▶ [Problem to work on] What is needed is an exact copy of the lines in the listing below, from the one with "text De staatssecretaris" up to and including the one with "text Staatssecretaris Broekers-Knol: [635, 1426, 1125, 1451]", with no other lines.

▶ [Data]
========

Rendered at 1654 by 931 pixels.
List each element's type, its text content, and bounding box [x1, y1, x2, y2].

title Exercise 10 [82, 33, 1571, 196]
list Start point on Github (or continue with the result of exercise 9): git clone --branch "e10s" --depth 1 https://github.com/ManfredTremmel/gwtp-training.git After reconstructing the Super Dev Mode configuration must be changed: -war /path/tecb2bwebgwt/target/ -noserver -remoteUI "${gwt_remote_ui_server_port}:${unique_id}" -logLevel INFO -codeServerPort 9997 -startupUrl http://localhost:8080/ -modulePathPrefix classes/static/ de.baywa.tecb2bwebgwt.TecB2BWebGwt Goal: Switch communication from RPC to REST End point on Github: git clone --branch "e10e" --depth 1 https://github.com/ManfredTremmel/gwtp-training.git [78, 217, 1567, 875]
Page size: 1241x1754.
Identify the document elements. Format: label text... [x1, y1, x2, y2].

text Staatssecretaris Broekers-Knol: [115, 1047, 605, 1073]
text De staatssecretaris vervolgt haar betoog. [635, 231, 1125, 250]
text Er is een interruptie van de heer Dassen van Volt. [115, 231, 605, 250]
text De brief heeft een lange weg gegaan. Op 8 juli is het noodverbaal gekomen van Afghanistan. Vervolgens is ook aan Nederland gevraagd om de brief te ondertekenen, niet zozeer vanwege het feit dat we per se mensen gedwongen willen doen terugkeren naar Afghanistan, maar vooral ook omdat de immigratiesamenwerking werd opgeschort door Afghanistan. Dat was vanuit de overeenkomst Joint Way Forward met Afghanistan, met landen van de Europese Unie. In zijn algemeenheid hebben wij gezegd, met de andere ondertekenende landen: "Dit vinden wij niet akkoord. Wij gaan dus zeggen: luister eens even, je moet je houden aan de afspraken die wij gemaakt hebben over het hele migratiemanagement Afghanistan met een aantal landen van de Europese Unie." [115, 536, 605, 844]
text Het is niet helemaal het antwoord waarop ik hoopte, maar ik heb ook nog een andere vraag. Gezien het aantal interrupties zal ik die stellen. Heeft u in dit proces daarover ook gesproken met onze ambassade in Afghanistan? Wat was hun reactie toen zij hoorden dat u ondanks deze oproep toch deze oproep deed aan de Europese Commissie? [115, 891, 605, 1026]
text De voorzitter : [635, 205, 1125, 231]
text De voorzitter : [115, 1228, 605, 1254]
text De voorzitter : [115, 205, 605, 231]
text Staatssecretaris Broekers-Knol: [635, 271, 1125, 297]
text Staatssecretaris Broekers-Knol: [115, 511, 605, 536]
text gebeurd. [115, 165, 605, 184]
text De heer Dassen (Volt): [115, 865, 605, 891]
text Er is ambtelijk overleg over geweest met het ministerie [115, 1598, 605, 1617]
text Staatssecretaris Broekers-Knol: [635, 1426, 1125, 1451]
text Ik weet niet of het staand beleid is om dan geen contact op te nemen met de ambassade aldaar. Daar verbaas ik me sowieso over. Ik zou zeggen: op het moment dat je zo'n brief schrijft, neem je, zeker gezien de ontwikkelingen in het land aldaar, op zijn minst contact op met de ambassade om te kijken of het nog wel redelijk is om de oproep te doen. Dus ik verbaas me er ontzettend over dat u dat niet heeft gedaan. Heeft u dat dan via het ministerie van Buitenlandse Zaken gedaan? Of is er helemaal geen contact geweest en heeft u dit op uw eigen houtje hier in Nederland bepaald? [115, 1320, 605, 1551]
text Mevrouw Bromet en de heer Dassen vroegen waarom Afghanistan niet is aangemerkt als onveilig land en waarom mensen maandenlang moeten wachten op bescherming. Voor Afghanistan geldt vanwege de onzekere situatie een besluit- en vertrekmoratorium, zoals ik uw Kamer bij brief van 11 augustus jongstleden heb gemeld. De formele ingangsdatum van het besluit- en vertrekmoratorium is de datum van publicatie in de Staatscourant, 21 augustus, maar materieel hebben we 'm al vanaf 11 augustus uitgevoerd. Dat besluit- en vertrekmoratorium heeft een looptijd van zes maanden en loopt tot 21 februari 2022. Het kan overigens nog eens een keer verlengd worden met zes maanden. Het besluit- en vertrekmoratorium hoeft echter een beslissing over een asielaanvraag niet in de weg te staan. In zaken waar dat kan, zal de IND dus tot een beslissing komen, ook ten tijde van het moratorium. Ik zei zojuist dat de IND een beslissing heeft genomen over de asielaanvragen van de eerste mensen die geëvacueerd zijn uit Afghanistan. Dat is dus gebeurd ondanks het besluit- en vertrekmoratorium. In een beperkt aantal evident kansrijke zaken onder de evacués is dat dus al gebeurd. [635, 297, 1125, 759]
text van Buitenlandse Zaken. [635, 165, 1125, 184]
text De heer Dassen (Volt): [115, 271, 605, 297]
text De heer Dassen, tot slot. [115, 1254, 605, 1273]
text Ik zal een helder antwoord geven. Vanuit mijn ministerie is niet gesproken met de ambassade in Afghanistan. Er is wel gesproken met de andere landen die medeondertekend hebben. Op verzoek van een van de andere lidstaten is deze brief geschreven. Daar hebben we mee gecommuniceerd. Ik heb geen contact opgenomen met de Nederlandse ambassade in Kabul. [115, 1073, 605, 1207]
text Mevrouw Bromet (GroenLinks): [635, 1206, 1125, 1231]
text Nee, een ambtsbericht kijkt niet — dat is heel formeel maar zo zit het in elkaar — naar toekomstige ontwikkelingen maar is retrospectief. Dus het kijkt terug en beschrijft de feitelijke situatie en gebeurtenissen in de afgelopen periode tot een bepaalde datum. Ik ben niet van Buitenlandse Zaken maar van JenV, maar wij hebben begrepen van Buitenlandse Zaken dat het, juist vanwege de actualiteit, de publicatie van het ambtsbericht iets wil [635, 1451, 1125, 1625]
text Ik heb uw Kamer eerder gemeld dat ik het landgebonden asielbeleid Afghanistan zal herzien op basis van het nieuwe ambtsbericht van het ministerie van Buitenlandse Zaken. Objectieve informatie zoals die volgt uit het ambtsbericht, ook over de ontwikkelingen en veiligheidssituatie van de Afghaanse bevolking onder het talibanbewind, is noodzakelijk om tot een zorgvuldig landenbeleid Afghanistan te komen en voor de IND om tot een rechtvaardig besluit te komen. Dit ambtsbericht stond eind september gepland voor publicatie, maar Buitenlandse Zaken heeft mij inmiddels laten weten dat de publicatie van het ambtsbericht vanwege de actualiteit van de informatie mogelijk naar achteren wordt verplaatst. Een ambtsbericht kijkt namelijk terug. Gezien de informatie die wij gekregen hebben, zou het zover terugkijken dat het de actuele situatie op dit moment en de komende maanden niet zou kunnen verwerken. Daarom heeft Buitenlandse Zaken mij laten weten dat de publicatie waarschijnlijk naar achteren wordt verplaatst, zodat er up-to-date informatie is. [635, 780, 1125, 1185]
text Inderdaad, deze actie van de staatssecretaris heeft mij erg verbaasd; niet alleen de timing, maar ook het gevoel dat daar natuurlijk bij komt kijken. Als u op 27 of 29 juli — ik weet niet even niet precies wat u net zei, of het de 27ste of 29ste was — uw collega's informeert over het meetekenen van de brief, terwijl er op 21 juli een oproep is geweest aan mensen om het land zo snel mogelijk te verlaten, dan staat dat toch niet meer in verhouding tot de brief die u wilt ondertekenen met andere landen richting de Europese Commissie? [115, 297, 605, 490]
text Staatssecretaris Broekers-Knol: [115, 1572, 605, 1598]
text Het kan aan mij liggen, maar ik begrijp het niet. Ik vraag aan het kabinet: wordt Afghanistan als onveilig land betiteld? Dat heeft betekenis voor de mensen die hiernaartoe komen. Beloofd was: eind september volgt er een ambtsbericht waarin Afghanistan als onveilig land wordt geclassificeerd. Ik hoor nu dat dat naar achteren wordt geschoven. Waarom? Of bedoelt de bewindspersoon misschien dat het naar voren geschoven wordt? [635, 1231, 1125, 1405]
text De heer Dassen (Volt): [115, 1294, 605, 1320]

========

▶ [Task response]
text De staatssecretaris vervolgt haar betoog. [635, 231, 1125, 250]
text Er is een interruptie van de heer Dassen van Volt. [115, 231, 605, 250]
text De brief heeft een lange weg gegaan. Op 8 juli is het noodverbaal gekomen van Afghanistan. Vervolgens is ook aan Nederland gevraagd om de brief te ondertekenen, niet zozeer vanwege het feit dat we per se mensen gedwongen willen doen terugkeren naar Afghanistan, maar vooral ook omdat de immigratiesamenwerking werd opgeschort door Afghanistan. Dat was vanuit de overeenkomst Joint Way Forward met Afghanistan, met landen van de Europese Unie. In zijn algemeenheid hebben wij gezegd, met de andere ondertekenende landen: "Dit vinden wij niet akkoord. Wij gaan dus zeggen: luister eens even, je moet je houden aan de afspraken die wij gemaakt hebben over het hele migratiemanagement Afghanistan met een aantal landen van de Europese Unie." [115, 536, 605, 844]
text Het is niet helemaal het antwoord waarop ik hoopte, maar ik heb ook nog een andere vraag. Gezien het aantal interrupties zal ik die stellen. Heeft u in dit proces daarover ook gesproken met onze ambassade in Afghanistan? Wat was hun reactie toen zij hoorden dat u ondanks deze oproep toch deze oproep deed aan de Europese Commissie? [115, 891, 605, 1026]
text De voorzitter : [635, 205, 1125, 231]
text De voorzitter : [115, 1228, 605, 1254]
text De voorzitter : [115, 205, 605, 231]
text Staatssecretaris Broekers-Knol: [635, 271, 1125, 297]
text Staatssecretaris Broekers-Knol: [115, 511, 605, 536]
text gebeurd. [115, 165, 605, 184]
text De heer Dassen (Volt): [115, 865, 605, 891]
text Er is ambtelijk overleg over geweest met het ministerie [115, 1598, 605, 1617]
text Staatssecretaris Broekers-Knol: [635, 1426, 1125, 1451]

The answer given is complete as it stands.